My Wedding Day -- 5-10-2015 |
He is so romantic, and sometimes I just stomp all over that. I feel bad about it later, but it's so hard to handle that sometimes because I've been so down on myself my whole life. My husband and I attribute that to how I've been treated by not only strangers, but my own family for my entire life. I'm not trying to do this for them. I stopped talking to them. I'm trying to do this for me.
I haven't yet weighed myself today. I'm' fixin' to do it in a few hours when I get home from work... just before I cook dinner/breakfast.
My stats are the same, then:
Starting weight: 415 lbs
Current weight: 404.8 lbs
Long-term Goal: 145 lbs
Short-term Goal: 399 lbs
I may update this after I weigh in. I'm struggling with the daily stats vs. daily weigh-in thing. On the one hand, I don't want to weigh in daily and save it for an end-of-the-week thing. On the other hand, I don't want to provide stats daily that may not be accurately reflecting the daily shifts of my weight. On the third hand, there is no third hand. People generally only have two.

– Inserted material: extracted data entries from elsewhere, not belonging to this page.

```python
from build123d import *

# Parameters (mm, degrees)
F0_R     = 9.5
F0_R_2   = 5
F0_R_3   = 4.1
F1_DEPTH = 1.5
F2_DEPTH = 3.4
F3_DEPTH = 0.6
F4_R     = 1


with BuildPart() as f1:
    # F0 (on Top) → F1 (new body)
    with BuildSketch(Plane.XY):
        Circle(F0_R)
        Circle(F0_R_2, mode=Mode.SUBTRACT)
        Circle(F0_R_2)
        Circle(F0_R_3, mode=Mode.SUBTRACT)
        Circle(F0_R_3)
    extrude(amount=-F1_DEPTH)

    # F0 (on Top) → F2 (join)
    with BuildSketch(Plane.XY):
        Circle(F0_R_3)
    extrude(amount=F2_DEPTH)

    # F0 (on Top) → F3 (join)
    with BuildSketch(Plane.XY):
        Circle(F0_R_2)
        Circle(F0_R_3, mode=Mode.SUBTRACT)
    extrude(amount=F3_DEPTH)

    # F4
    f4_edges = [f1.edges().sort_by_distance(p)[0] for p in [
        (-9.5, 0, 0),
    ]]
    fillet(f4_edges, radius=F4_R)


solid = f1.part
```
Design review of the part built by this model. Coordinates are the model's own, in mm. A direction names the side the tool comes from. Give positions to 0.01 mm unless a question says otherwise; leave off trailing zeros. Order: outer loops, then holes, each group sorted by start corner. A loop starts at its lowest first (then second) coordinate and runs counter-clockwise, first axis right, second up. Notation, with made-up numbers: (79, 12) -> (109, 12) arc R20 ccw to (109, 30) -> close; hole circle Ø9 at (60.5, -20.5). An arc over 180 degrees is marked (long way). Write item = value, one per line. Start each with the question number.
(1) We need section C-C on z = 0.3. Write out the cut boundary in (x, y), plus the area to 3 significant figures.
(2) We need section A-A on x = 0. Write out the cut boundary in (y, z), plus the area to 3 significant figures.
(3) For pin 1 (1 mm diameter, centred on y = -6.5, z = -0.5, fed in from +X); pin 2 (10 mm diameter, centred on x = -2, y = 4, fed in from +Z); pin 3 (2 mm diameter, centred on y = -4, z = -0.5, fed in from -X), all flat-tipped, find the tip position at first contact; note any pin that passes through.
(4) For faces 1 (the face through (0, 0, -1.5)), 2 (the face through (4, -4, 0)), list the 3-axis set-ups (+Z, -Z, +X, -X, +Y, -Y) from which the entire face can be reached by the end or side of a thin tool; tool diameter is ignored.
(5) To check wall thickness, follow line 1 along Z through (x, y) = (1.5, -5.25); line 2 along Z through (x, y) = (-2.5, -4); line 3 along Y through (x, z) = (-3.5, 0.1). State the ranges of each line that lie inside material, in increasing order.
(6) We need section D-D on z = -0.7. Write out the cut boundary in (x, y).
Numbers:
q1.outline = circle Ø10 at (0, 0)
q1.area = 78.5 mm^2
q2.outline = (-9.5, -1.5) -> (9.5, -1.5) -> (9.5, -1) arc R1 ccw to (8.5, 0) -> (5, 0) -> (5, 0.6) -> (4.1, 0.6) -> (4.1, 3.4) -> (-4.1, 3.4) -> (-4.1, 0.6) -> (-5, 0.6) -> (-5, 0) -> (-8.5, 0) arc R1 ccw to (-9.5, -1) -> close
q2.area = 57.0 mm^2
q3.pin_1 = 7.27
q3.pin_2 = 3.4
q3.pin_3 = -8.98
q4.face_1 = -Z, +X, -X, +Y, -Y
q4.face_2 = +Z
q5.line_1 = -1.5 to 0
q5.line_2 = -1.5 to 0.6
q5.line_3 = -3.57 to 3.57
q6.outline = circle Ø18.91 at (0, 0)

Maybe i can add a stat, like, to differentiate between daily and WTD (week-to-date) or something. Seems pointless to do that. I'll do the daily thing. So now the dilemma is whether to wait to write the daily post until 6:00 AM when I'm home and I can weigh myself, or to write the post at work (like I'm doing now) and update the stats later after I post it? Ugh! Decisions! I hate "adulting."
My decision here and now is this: I will write when I feel like writing, and I will update the post later if I have more to say. Then I will also have an opportunity to update my stats. As long as the writing/updating/posting occurs withing my "day" (which is, like, 6:00 PM on one day to 6:00 PM on the next day), I will be fine. Today is technically the 23rd for me as my day has not yet ended. The 24th, for me, starts after 6:00 PM. I have a plan. It's a good one.
I may throw a party if I see 399 on the scale, even if it's 399.99. I don't know. I could just pass right out. I'm hopeful it will happen. I have under 5 lbs to go to see it.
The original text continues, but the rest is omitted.